FTSE 100 LIVE: Oil prices tumbled as world’s storage tanks filled up (Image: GETTY)
7.18am update: FTSE 100 to open on front foot
London’s stock market is poised to open at almost 20 points higher.
Market analyst Michael Hewson at CMC Markets, said: “While stocks have continued to take comfort from the largesse of central banks the economic data has gone from bad to worse and unlikely to get better in the short term, which means that investors appear to be banking on a quick return to normal as governments slowly relax restrictions.
7.06am update: China stocks waver
China stocks flitted in and out of negative territory but turned positive as the start-up index gained on fresh regulatory reform, while investors awaited big banks to release their earnings after a tumultuous first quarter.
At the midday break, the Shanghai Composite index was up 0.1 percent at 2,818.48 points, after dropping 2 percent to its lowest level in more than three weeks in morning trade.
China’s blue-chip CSI300 index was up 0.8 percent, with its financial sector sub-index rising 1.2 percent, the consumer staples sector up 1.6 percent, the real estate index up 1.7 percent and the healthcare sub-index climbed 0.1 percent.

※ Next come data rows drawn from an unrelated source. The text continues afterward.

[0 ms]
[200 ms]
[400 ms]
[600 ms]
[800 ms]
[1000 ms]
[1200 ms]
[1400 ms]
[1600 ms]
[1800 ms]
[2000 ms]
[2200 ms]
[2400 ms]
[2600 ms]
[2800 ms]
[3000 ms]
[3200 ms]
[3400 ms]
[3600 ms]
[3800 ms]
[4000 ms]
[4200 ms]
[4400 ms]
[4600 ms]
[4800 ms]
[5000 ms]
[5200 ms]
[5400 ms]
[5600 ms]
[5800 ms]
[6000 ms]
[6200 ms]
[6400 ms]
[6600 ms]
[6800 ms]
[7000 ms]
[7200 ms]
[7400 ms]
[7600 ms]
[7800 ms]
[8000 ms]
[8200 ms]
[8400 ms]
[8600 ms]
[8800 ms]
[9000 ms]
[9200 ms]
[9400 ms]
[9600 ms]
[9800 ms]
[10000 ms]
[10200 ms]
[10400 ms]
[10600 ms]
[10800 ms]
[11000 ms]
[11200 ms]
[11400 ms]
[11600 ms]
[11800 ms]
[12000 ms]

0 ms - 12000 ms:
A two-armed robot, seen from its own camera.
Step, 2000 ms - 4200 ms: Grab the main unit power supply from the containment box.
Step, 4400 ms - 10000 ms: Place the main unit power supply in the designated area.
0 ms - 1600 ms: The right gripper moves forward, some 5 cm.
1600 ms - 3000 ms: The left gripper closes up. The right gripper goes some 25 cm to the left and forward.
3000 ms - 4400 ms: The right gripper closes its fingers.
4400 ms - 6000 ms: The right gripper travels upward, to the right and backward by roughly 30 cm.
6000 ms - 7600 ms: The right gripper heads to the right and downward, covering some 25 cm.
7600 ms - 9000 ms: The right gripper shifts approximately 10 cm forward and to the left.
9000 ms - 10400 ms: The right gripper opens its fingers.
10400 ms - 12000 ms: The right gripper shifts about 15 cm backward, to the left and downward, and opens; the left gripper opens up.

5.45am update: HSBC first-quarter profit halves on increased loan loss provisions due to coronavirus crisis
HSBC Holdings PLC’s first-quarter profit nearly halved from a year-ago, missing estimates, after boosting provisions against bad loans as the coronavirus pandemic hits borrowers worldwide.
Europe’s biggest bank by assets said profit before tax came in at $3.21 billion for January-March, down from $6.21 billion a year ago and below an average analyst forecast of $3.67 billion compiled by the bank.

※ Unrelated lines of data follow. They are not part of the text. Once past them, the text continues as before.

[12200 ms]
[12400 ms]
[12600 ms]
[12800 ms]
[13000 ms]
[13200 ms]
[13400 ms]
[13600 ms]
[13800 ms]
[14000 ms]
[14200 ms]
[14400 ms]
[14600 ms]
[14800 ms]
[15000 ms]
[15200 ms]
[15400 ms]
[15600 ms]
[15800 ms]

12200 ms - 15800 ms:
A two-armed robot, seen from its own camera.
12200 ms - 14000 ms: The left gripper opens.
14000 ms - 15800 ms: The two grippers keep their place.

The bank increased its expected credit impairment charges by a hefty $2.4 billion to $3 billion due to the impact of COVID-19 and weakening oil prices as well as “a significant charge related to a corporate exposure in Singapore”, it said.
HSBC warned the impact of the pandemic on the global economy would mean a rise in bad loans, and sustained pressure on its revenues as customer activity declined and lower central bank interest rates squeezed margins.